- Directed by: Aaron Kunkel
- Produced by: Lance Bass; Matthew Charles Ducey; Sam Korkis; Nicholas Caprio;
- Starring: Lance Bass; AJ McLean; Ashley Parker Angel; Chris Kirkpatrick; JC Chasez; Johnny Wright; Lynn Harless; Aaron Carter; Nikki Deloach; Diane Bass;
- Cinematography: Henry Darrow McComas; Aaron Kunkel;
- Edited by: Aaron Kunkel; Shane Patterson;
- Music by: Bleeding Fingers
- Production companies: Fox Searchlight Pictures Pilgrim Media Group
- Distributed by: YouTube Premium Walt Disney Studios Motion Pictures
- Release dates: March 13, 2019 (SXSW); April 3, 2019 (YouTube Premium);
- Running time: 99 minutes
- Country: United States
- Language: English

= The Boy Band Con: The Lou Pearlman Story =

The Boy Band Con: The Lou Pearlman Story (working title The Lou Pearlman Project) is an American documentary film that premiered on March 13, 2019 at SXSW. Produced by Lance Bass, the film explores the career and legacy of record producer and convicted criminal Lou Pearlman.

==Premise==
The Boy Band Con: The Lou Pearlman Story features "the story of Lou Pearlman, his remarkable successes and offenses, and his tragic end while serving a 25-year prison sentence for multiple felony convictions. "The Lou Pearlman Project" reveals the dark side of stardom and the music industry as members of multi-platinum-selling bands like *NSYNC, Backstreet Boys, O-Town, Innosense, Take 5 and C-Note tell all about working with Pearlman."

==Persons featured==
The documentary includes interviews with:

- AJ McLean (Backstreet Boys)
- Ashley Parker Angel (O-Town)
- Aaron Carter
- JC Chasez (*NSYNC)
- Chris Kirkpatrick (*NSYNC)
- Lance Bass (*NSYNC)
- Nikki DeLoach (Innosense)
- David Perez (C-Note)
- Tim "TJ" Christofore (Take 5)
- Diane Bass (Mother of Lance Bass)
- Lynn Bomar Harless (Mother of Justin Timberlake (*NSYNC))

==Production==
On April 24, 2018, it was announced that YouTube Red was in production on The Lou Pearlman Project, a documentary executive produced by Lance Bass, Craig Piligian, Nicholas Caprio, and Sam Korkis.
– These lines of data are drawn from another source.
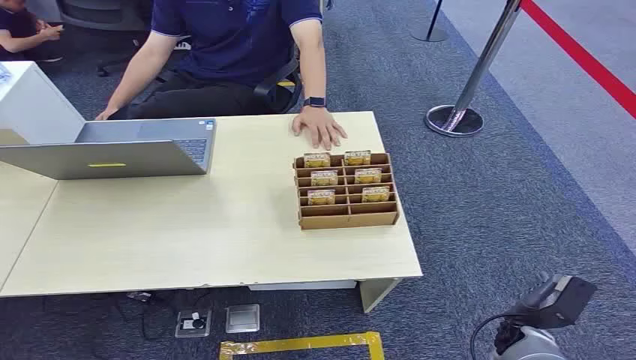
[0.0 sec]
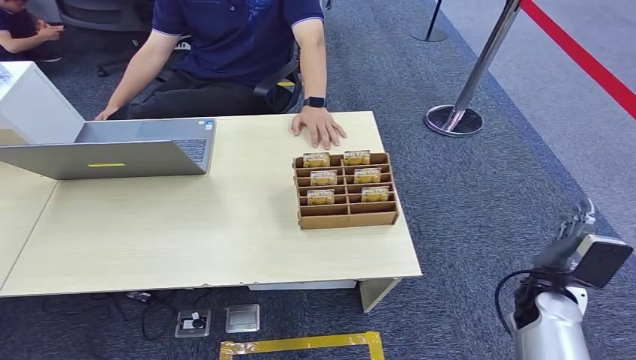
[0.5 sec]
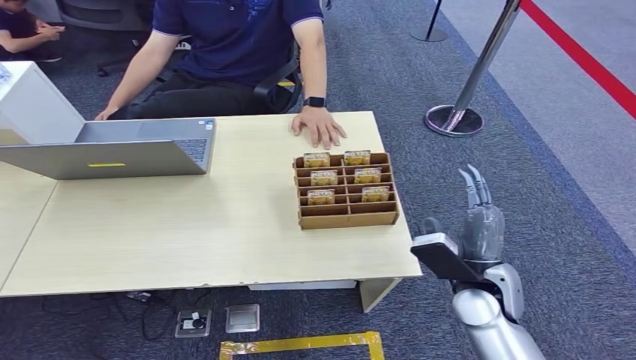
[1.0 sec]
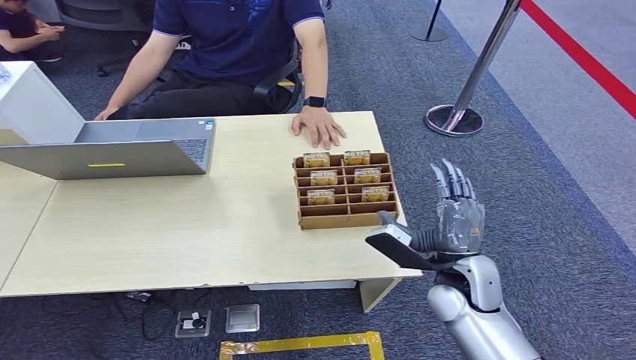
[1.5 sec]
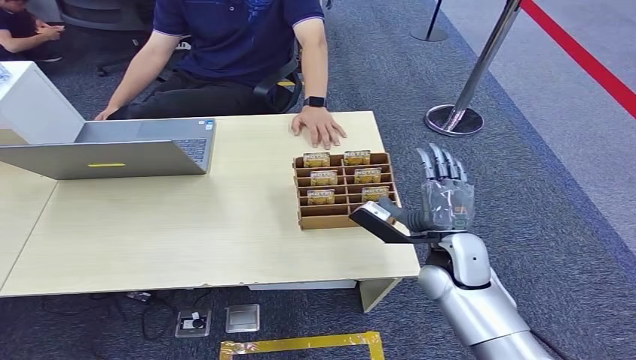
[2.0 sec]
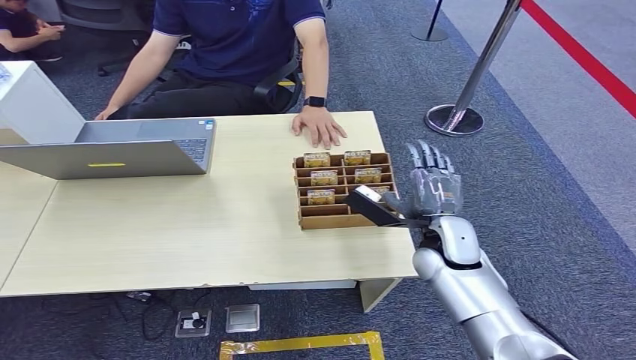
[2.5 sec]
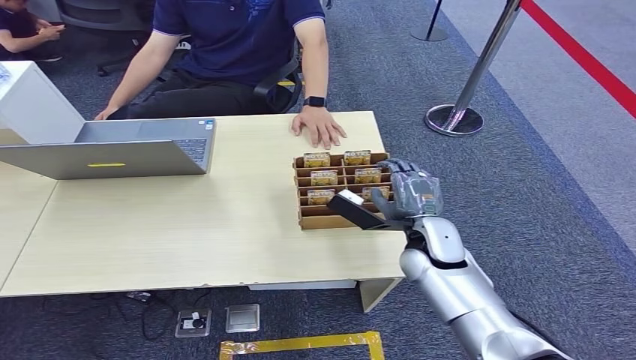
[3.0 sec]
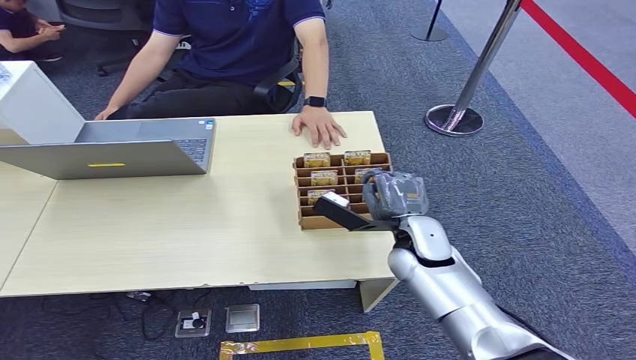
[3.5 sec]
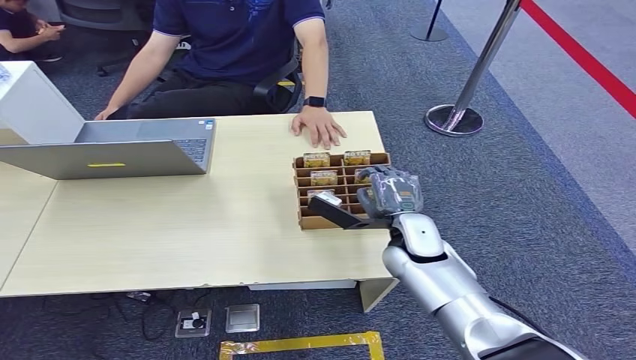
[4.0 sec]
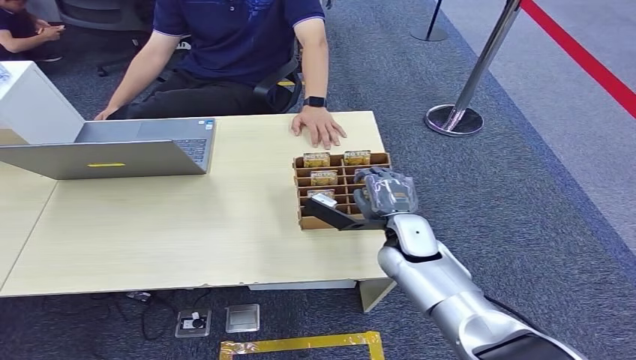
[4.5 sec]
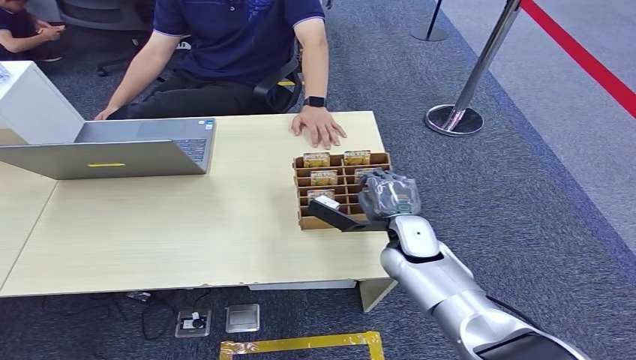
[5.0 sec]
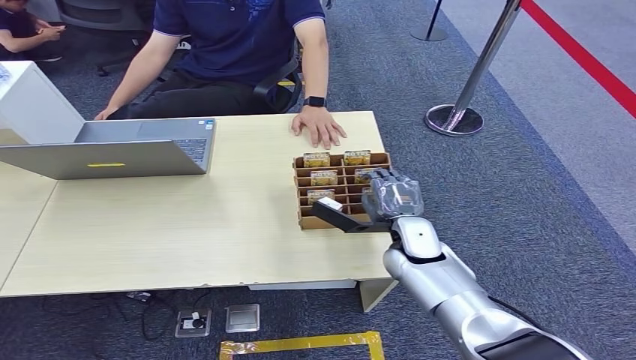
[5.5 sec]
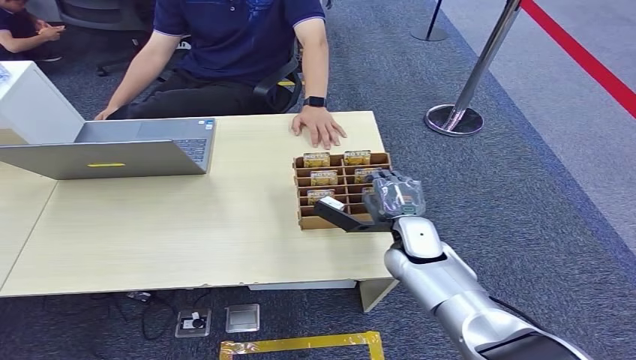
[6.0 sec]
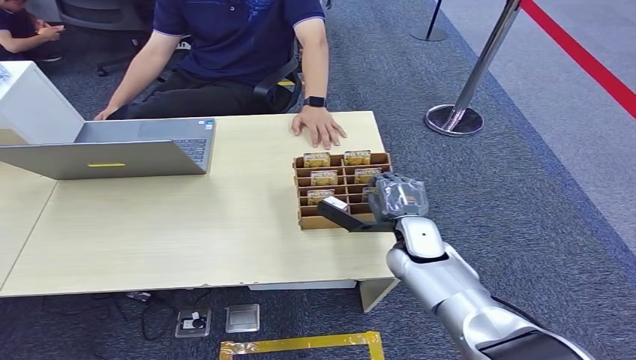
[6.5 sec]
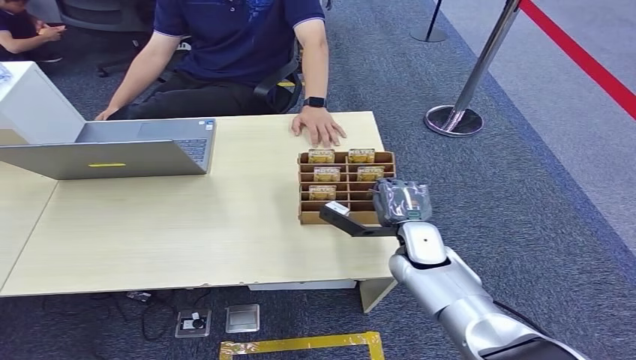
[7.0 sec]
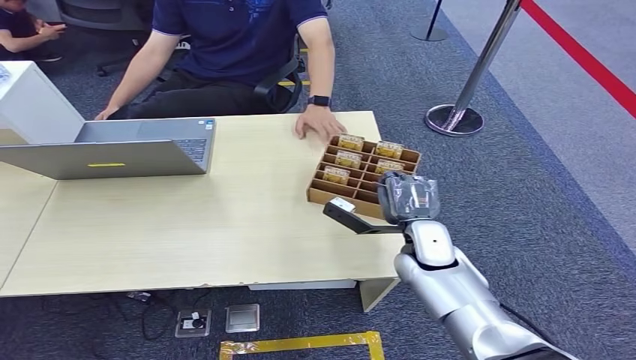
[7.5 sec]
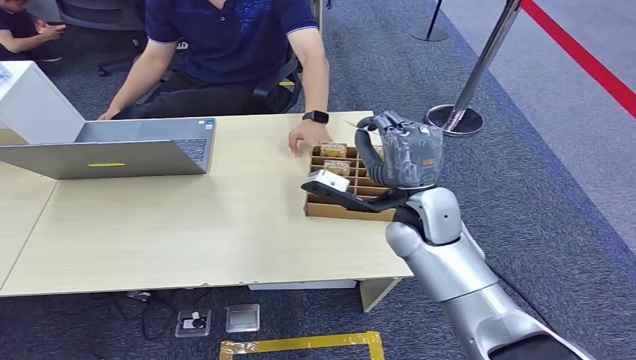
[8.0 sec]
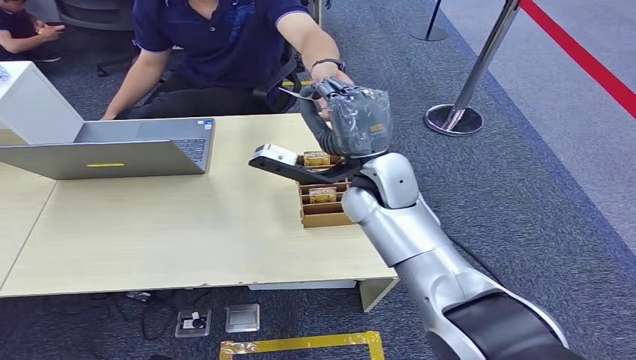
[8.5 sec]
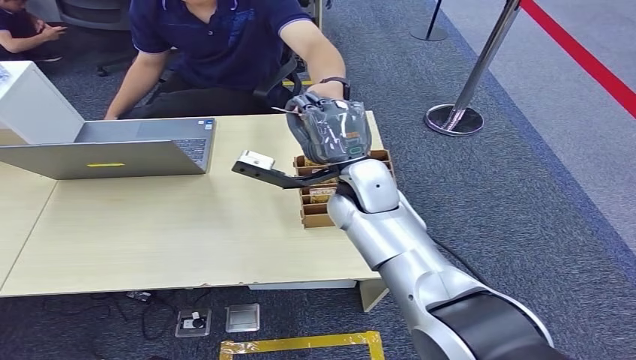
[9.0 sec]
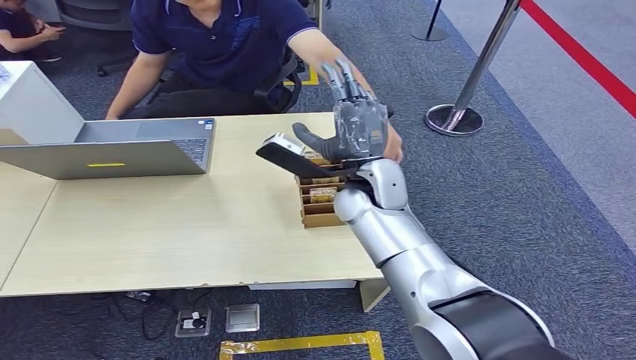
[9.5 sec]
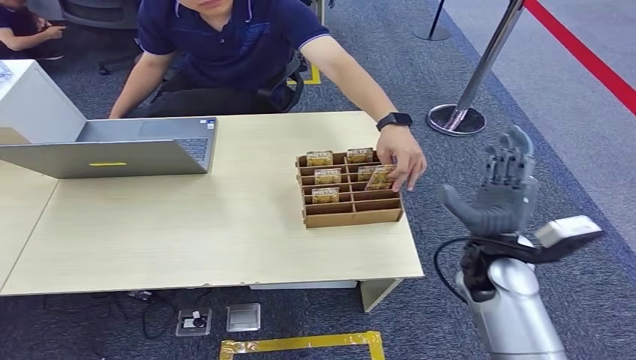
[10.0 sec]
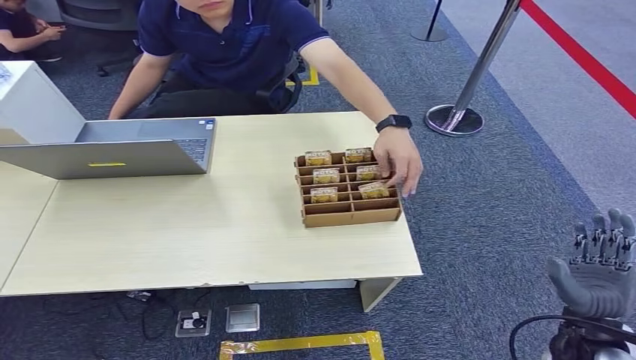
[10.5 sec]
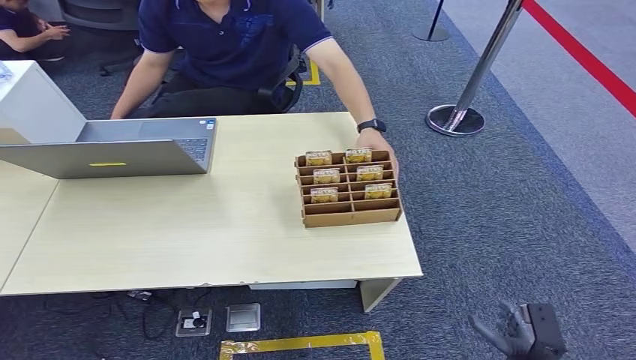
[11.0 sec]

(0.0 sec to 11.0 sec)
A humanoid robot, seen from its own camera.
Step, 0.0 sec - 7.5 sec: Pick up the room card from the card holder.
Step, 8.5 sec - 11.0 sec: Hand the room card to the target.
2.0 sec - 3.5 sec: The right hand changes place by approximately 5 cm.
3.5 sec - 7.5 sec: The hands make only small movements.
7.5 sec - 9.0 sec: The right hand shifts approximately 20 cm upward, to the left and forward.
9.0 sec - 11.0 sec: The right hand moves downward, backward and to the right, roughly 50 cm.

The documentary was set to feature interviews with AJ McLean, Ashley Parker Angel, Aaron Carter, JC Chasez, Chris Kirkpatrick, Lance Bass, Diane Bass, and Lynn Bomar Harless. Production companies involved with the film were slated to consist of Pilgrim Media Group.

==Release==
The film held its world premiere at the Paramount Theatre in Austin, Texas on March 13, 2019, during the South by Southwest film festival as part of the "24 Beats Per Second" series of screenings.